La mort vint frapper la dame Mourgues au milieu de ses poursuites acharnées. Les Ducros respirèrent. Ils firent assigner en reprise d'instance le sieur Mourgues fils, demandant qu'il fût débouté de l'appel avec amende et dépens, et condamné en outre à quatre mille livres de dommages, à raison du préjudice que leur causait la continuation de l'instance reprise.
L'affaire fut portée devant le parlement de Toulouse, et, après de sages lenteurs commandées par une cause aussi délicate, l'innocence des six accusés fut reconnue par arrêt du 14 août 1787; le sieur Mourgues fut débouté de l'appel avec dépens; la sentence qui portait contre lui des condamnations pécuniaires fut confirmée; et la cour ordonna l'impression et l'affiche de l'arrêt aux frais de l'accusateur.
INFORTUNES DE LA FAMILLE VERDURE.
Que des enfans dénaturés portent une main sacrilége sur ceux qui leur ont donné le jour, c'est un attentat monstrueux dont les annales de la justice ne fournissent malheureusement que trop d'exemples: l'impatience de jouir d'un patrimoine que la mort d'un père peut seule leur assurer, a pu étouffer dans le cœur de ces monstres la voix de la nature, et les porter par degrés au comble de la férocité; mais qu'un père tendre dont toute la vie est exempte de reproches; qu'un père environné d'une nombreuse famille, qu'il a toujours chérie, assassine un de ses enfans; qu'il choisisse pour victime de sa fureur précisément celui dont les soins assidus, les services continuels exigent de lui plus d'attachement; que, par cet acte de barbarie, il se prive d'un soutien, de celui de sa nombreuse famille; que ses autres enfans concourent à la consommation de cet abominable forfait, c'est ce que nul être raisonnable ne pourra jamais présumer. Il faut, pour croire à un semblable attentat, que les preuves en soient si nombreuses, si claires, qu'il soit impossible d'y résister, et, lors même que ces preuves existent, l'homme sage tremble encore de prendre les fausses lueurs du mensonge pour la lumière de la vérité. Dans le récit que nous allons faire, rien ne motive l'accusation de parricide; il faut absolument supposer qu'il a été commis sans intérêt, contre l'intérêt même de l'accusé.
Jacques Verdure était né d'une famille honnête et pauvre de la paroisse de Berville. Jeté par le malheur de sa situation dans la condition de la domesticité, il servit, d'une manière irréprochable, différens maîtres, jusqu'à l'âge de vingt-trois ans. Il épousa, en 1755, Marie-Madeleine Graindel, avec laquelle il vécut dans la plus parfaite union.
Depuis 1774 jusqu'en 1778, Verdure occupa une maison voisine de celle qu'habitait Catherine Hamel, femme Bouillon. C'était une femme violente, emportée, redoutée de tous les habitans des environs, dont la maison était un lieu de débauche, et qui, par sa méchanceté bien connue, était devenue le fléau de la paroisse qu'elle habitait. On verra, par la suite, comment cette horrible mégère fut un des principaux instrumens des malheurs de Verdure.

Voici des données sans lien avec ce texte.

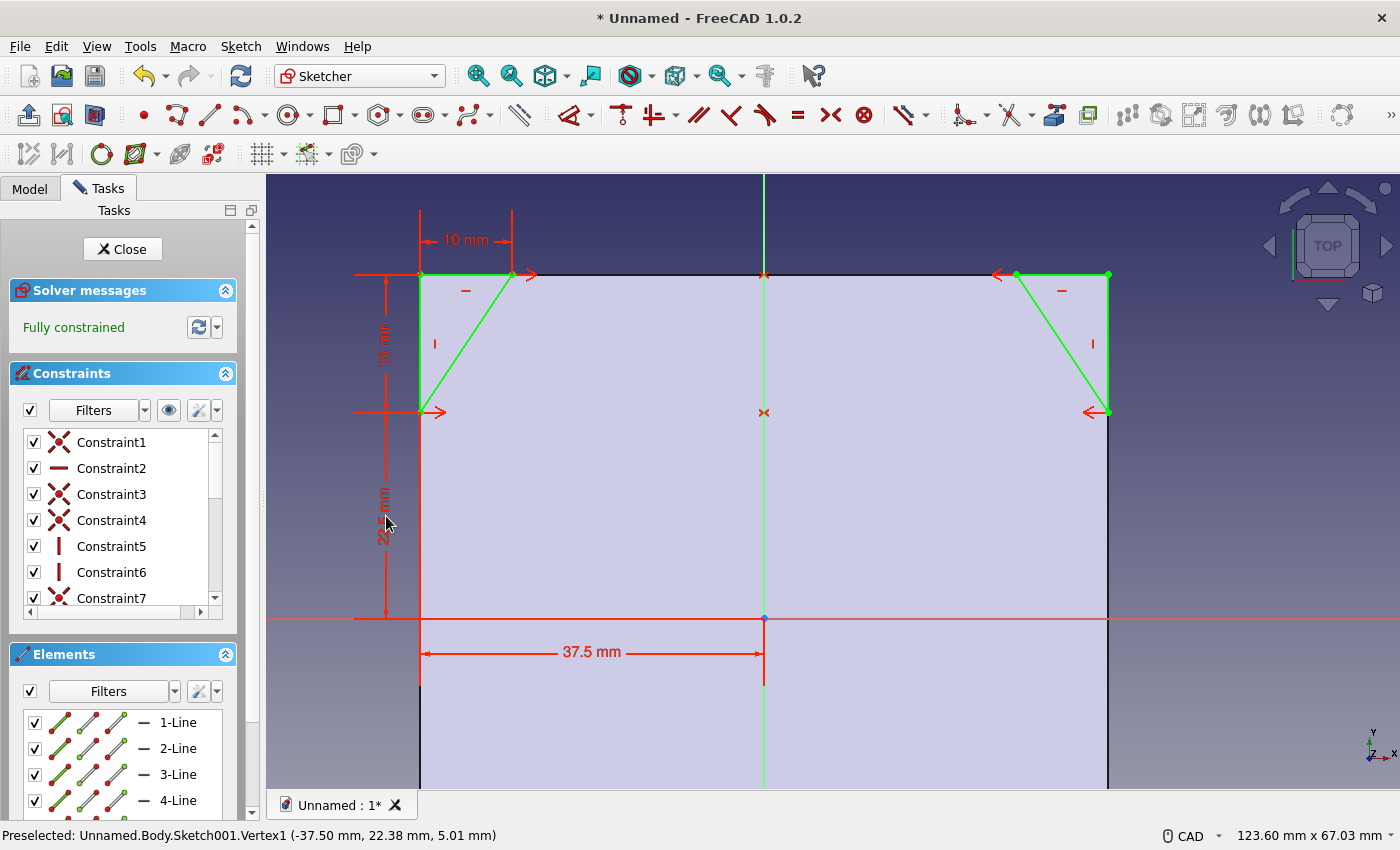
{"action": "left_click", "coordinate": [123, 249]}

Heureux au sein de sa famille, celui-ci vivait dans une union intime avec sa femme, avec ses enfans, avec tous ses voisins; mais il n'était pas dans le caractère de la femme Bouillon de respecter sa tranquillité; et Verdure, après quatre années de patience, excédé des tracasseries de cette femme, de ses outrages et de ses violences, fut obligé d'abandonner une maison qu'un pareil voisinage rendait inhabitable pour un homme de son caractère. Il alla demeurer dans une maison située près de l'église de la même paroisse. Là, il continua de vivre dans le calme le plus profond, avec une femme vertueuse, qui s'attachait à faire son bonheur. De huit enfans qui avaient été le fruit de cette union bien assortie, il lui en restait encore six, lorsqu'il eut la douleur de perdre sa chère compagne, à la suite de sa dernière couche.
Par la mort de sa mère, Rose Verdure, âgée alors de vingt-un ans, se trouva de droit à la tête de l'administration intérieure de la maison paternelle. Elle était en outre chargée d'élever son jeune frère et la dernière de ses sœurs, âgée de six semaines lors de la mort de sa mère. Dans le courant de l'année 1780, cette petite fille fut atteinte d'une maladie fort ordinaire aux enfans de son âge; c'était une dartre générale qui lui couvrait toute la tête de croûtes, qui, étant arrachées journellement par l'enfant, donnaient lieu à des excoriations sanglantes; et souvent l'on était obligé d'employer plusieurs linges, avant de pouvoir étancher parfaitement le sang. Cette circonstance est à remarquer; elle sert à expliquer la découverte d'une coiffe ensanglantée trouvée dans la maison de Verdure le lendemain de l'assassinat de Rose, sa fille.